Film Review: “Borat Subsequent Moviefilm”

This past Friday, just two days away from a college submission deadline that I was woefully behind on, I sat down with my family to watch the original Borat (2006). After an inevitable good time, we utilized our brand new Amazon Prime subscription to watch the recently released, highly anticipated Borat Subsequent Moviefilm, which I now hold to be one of the most bizarre, confusing viewing experiences in recent memory.

Since the events of the first film, Borat has been in a gulag for bringing shame to Kazakhstan with his film. But he is given a second chance by the Kazakh Premier on one condition: that he deliver Kazakhstan’s most famous monkey as a gift to the heads of the new “American regime” in an attempt to improve relations. On arrival in America, however, Borat finds that his monkey has been replaced by his primitive fifteen year old daughter Tutar, who he now must train to become a wife for Mike Pence and later Rudy Guiliani.

It feels strange to have to put a plot description so dense in a review for a Borat movie, but this film is much more plot driven than its predecessor. There are still plenty of sequences that feel like classic Borat bits, such as the southern debutante ball scene where Tutar reveals her menstrual blood-soaked underwear to a ballroom full of people, but compared to the first Borat, Borat Subsequent Moviefilm feels much more manufactured and controlled, which results in a baffling combination of dull plot filler and ambitious, almost era-defining moments.

That combination is so baffling because the funniest moments in this movie don’t come from Borat or the plot, they come from the people he meets that drive forward the ridiculousness. Whether it be ‘March for our Rights’ rally attendees chanting “Inject (Obama) with the ‘Wuhan Flu’” or Rudy Guliani, one of the highest ranking members of the President’s legal team, making sexual advances towards Tutar posing as a reporter, Sacha Baron Cohen doesn’t even have to be funny anymore, the comedy is America. It exceeds satire because nothing is exaggerated, it all exists already. This is like an anti-post-comedy. Did Father John Misty write this movie?

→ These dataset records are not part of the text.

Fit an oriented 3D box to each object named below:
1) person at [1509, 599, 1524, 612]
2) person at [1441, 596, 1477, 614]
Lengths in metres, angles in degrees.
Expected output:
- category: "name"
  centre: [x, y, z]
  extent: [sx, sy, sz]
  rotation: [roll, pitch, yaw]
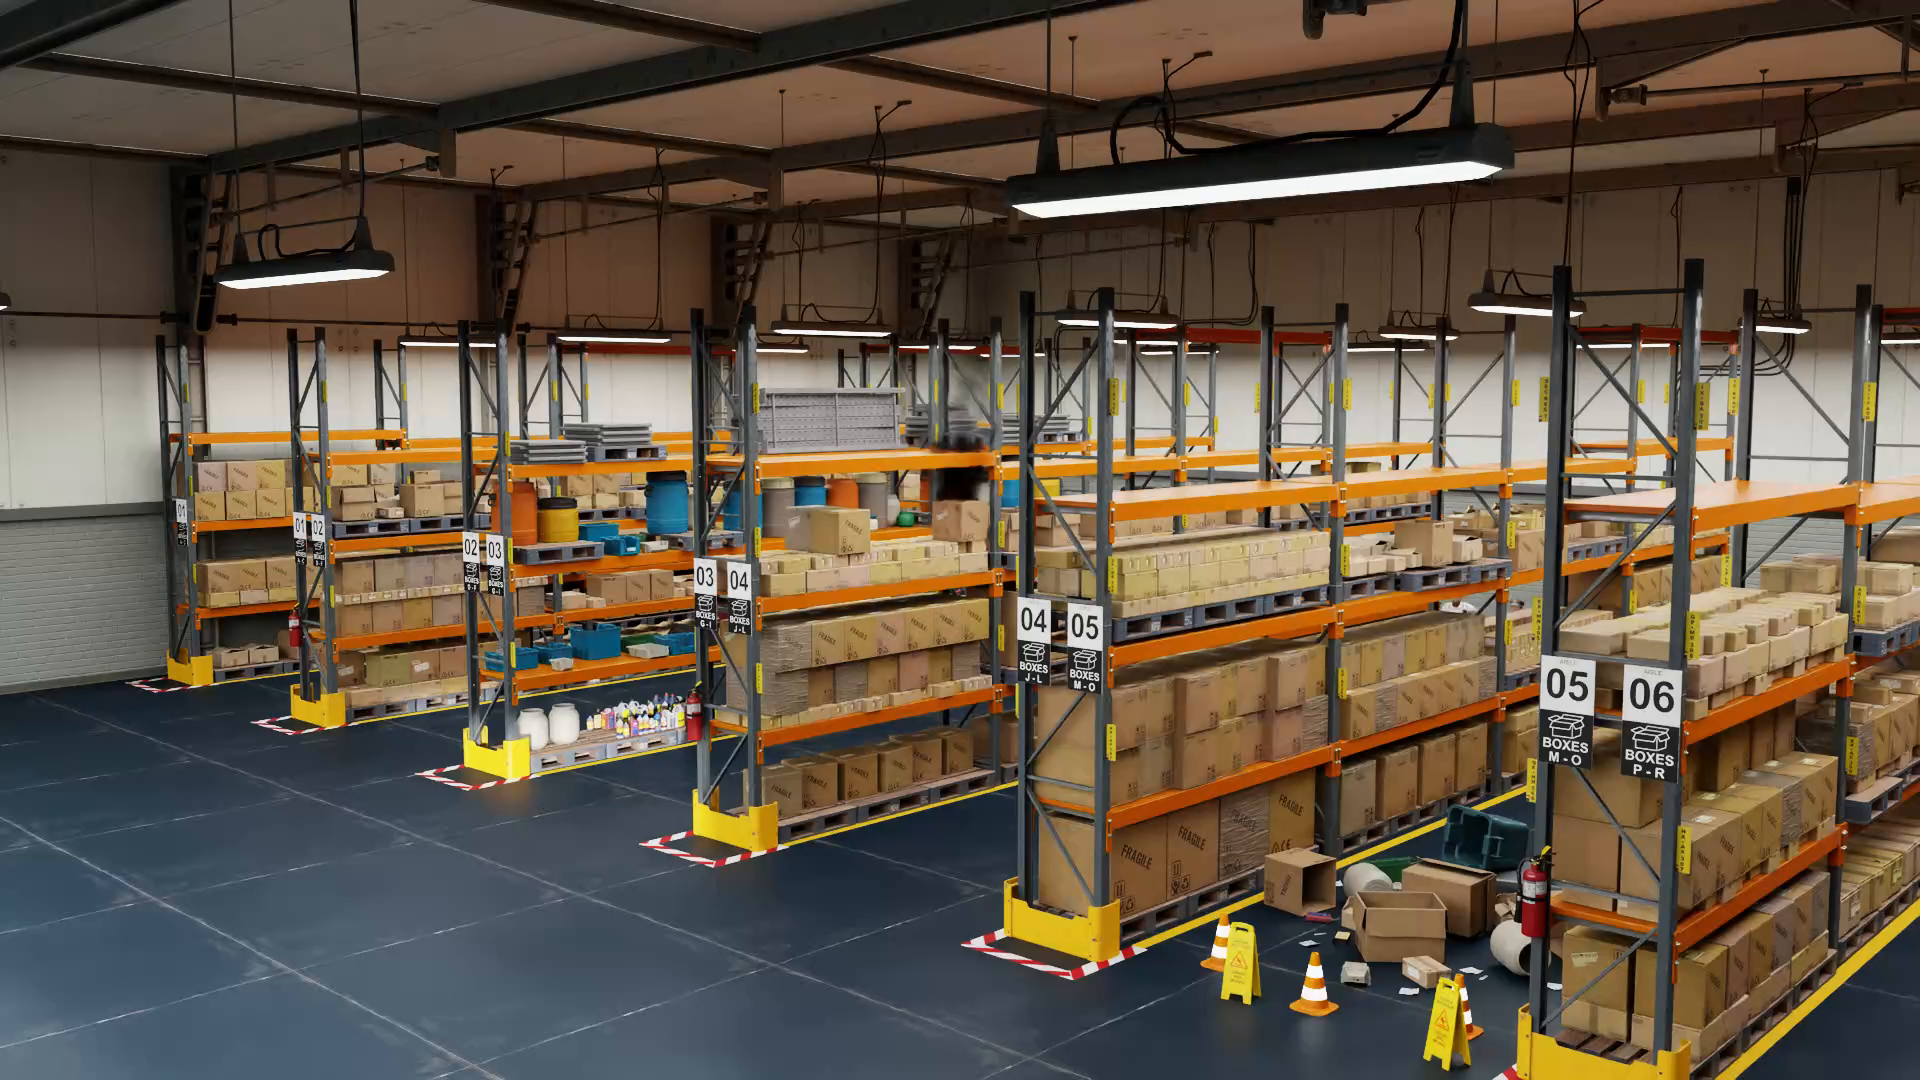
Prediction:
- category: "person"
  centre: [9.028, 1.790, 27.088]
  extent: [0.584, 1.689, 0.847]
  rotation: [3, 6, 33]
- category: "person"
  centre: [8.317, 1.685, 27.821]
  extent: [0.617, 1.836, 0.877]
  rotation: [4, 7, 36]
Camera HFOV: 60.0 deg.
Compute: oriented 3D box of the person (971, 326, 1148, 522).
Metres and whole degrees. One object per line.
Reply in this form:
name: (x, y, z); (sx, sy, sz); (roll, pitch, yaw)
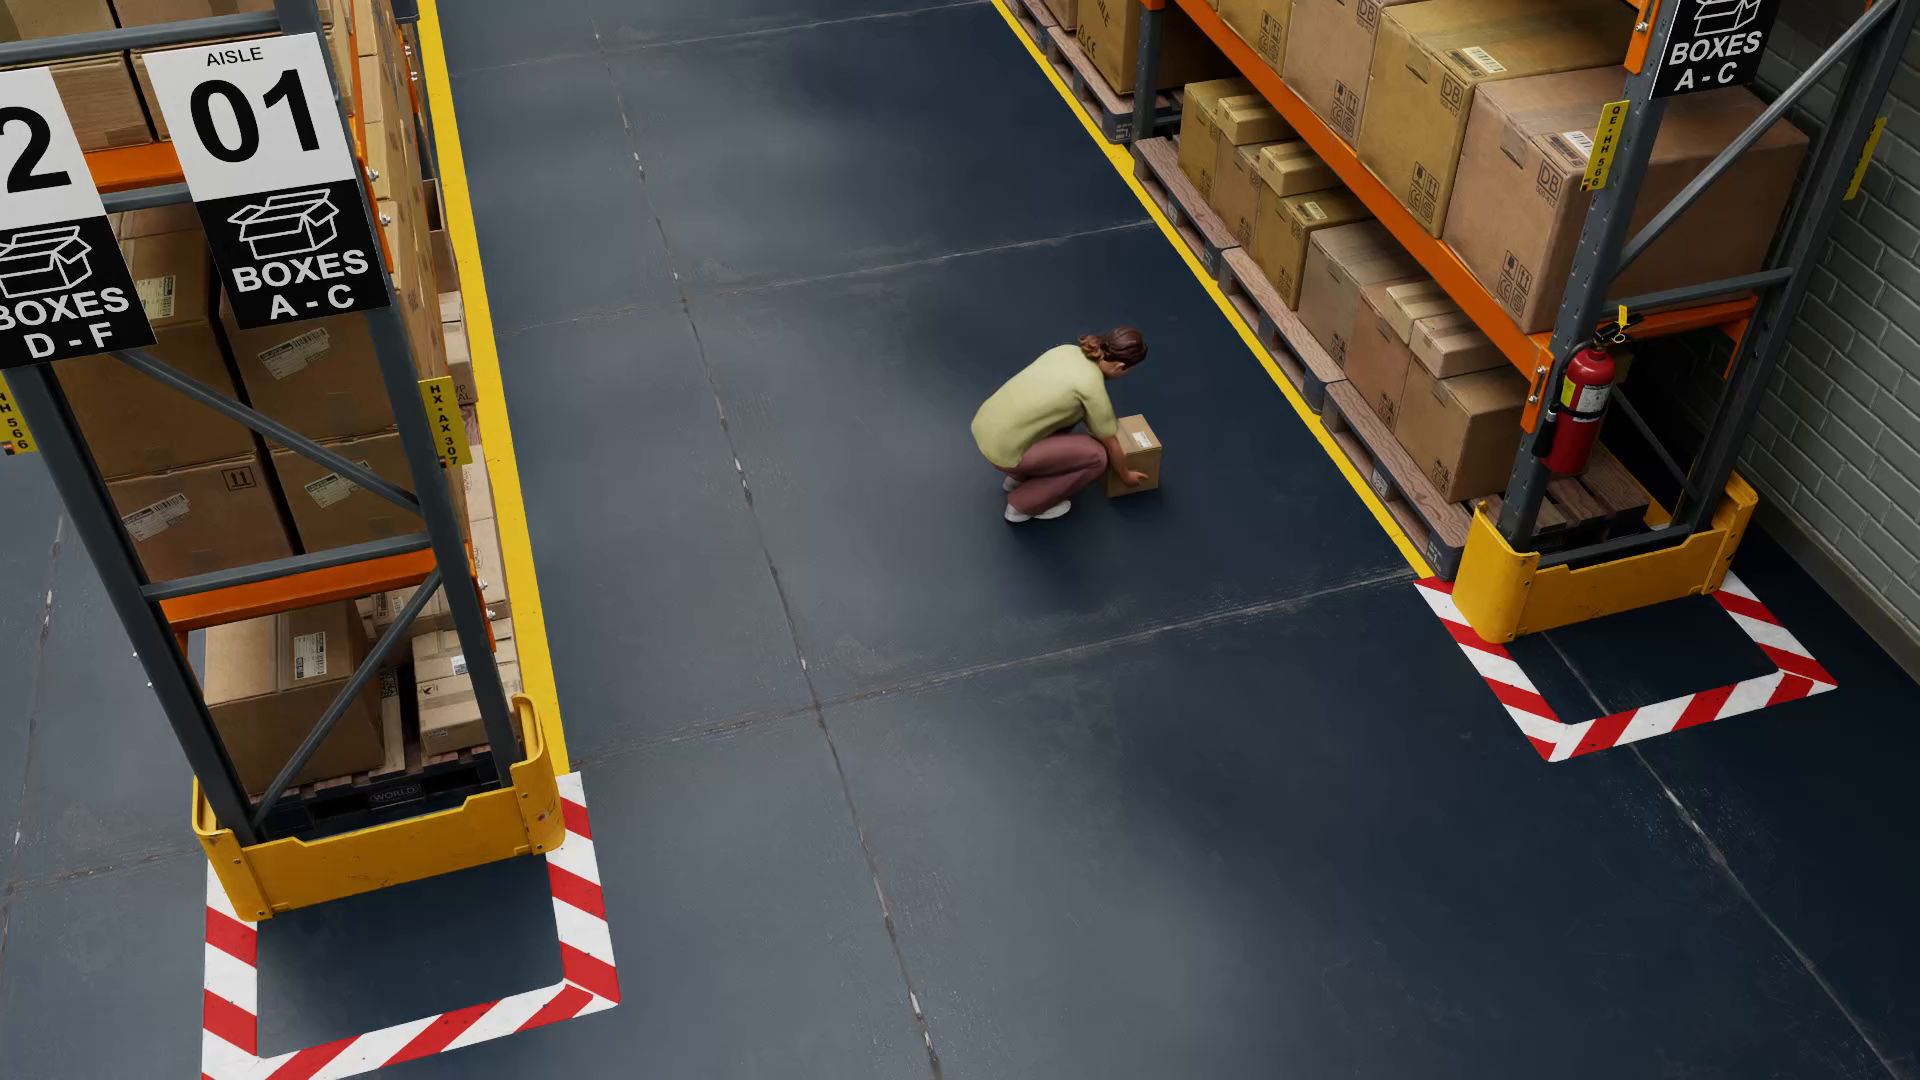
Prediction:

But at the end of the day, Borat Subsequent Moviefilm is not intended to be a piece of art. It’s a piece of entertainment, and it does a solid job at being one. The plot gets in the way of the humor too often, and the empathetic father-daughter dynamic isn’t bad, just painfully generic.

Even the best moments are largely based on shock value, and I fear they will only be brilliant the first time around. However, my infinite praise goes to Maria Bakalova. It’s a shock it only took 600 auditions to find someone willing and able to pull off Borat level stunts. It’s equally commendable that the production team of this film was able to adapt to such fluid circumstances.

If anything, Borat Subsequent Moviefilm is a time capsule, and it will forever exist as a bizarre presentation of one of the most insane periods in American history. It’s also a damn solid pick for a family movie night. Well, maybe skip the “family” part.